This article shall explain in more detail how we try to eliminate False Positives.
There are 4 main methods we use to eliminate False Positives:
- MOD10 verification
This is the most basic of checks and will eliminate a large number of false positives statistically speaking, such as random sequences of digits which closely resemble a payment card.
As far as we're concerned, the only PANs which do not conform to MOD10 are older PANs which are no longer in active circulation.
- Length/Prefix checks
Our scanning engine applies a series of common sense prefix checks, using the published card scheme prefixes such as '4' for VISA, 3[4-7] for American Express, and so on.
We expect to eliminate 4 out of 5 matches using this checking method.
- Native format decoding
Our decoding engine natively understands a vast number of common file formats where sensitive data is identified, such as documents, emails, structured and unstructured data (XML, CSV, etc.) and so on.
This also includes complex file types such as email storage formats (eg. Microsoft Outlook PST and OST) and Database formats (eg. Microsoft Access, Microsoft SQL LDF/MDF).
By scanning file formats and understanding the native underlying data structure, sensitive information is identified in its clear unobstructed form which dramatically reduces the likelihood of false positives.
The decoding engine will never skip any file even if the format is unrecognized.
It will still attempt to accurately scan an unrecognized file by using a fall-back decoding method that we refer to as generic binary decoding.
This will always be used as a last resort and enables the decoding engine to strip out all the binary data that normally causes high false positive levels and scan only the remaining clear text data available.
- Contextual data & statistical analysis
This is a key differentiator that enables the scanning engine to refine its results further and provides a final layer of False Positives scrubbing.
In the initial development stages of the underlying scanning engine, our engineering team spent considerable time analyzing sets of both genuine matches and false positives in order to determine the characteristics of each, and found that the majority of false positive data falls into very specific contextual patterns.

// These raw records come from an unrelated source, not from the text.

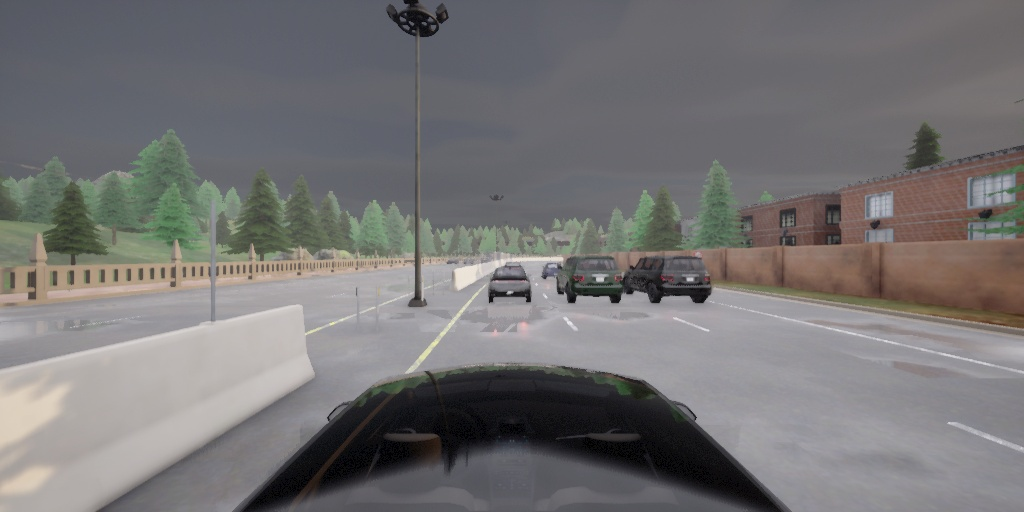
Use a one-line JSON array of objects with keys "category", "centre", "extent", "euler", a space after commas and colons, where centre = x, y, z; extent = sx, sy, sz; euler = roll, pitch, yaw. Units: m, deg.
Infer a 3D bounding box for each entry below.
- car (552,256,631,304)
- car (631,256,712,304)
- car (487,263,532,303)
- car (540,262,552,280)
[{"category": "car", "centre": [3.401, 1.005, 16.574], "extent": [2.150, 2.045, 5.566], "euler": [0, 0, 0]}, {"category": "car", "centre": [6.901, 1.005, 16.592], "extent": [2.150, 2.045, 5.566], "euler": [0, 0, 0]}, {"category": "car", "centre": [-0.099, 1.242, 16.526], "extent": [2.128, 1.511, 4.902], "euler": [0, 0, 0]}, {"category": "car", "centre": [3.607, 1.280, 31.295], "extent": [1.812, 1.442, 4.674], "euler": [0, 0, 1]}]

For example, a common False Positive scenario is uncompressed bitmap data (images, sound, icons, etc), however even if the file type cannot be identified, bitmap data can be readily identified to an almost certain degree of accuracy by examination of approximately 300 bytes worth of data before & after the match, and applying a series of algorithms to determine its true context.
Similar methods can be used for other data types, for example to determine if a 16-digit string is really a PAN, or a web site cookie token.
Analysis over the overall findings against a given file will also provide further verification as to the likelihood of any given finding.
Lastly, if our scanning engine is ever in doubt, it will report the match as a PAN and let the User determine the accuracy of the match.
All information in this article is accurate and true as of the last edited date.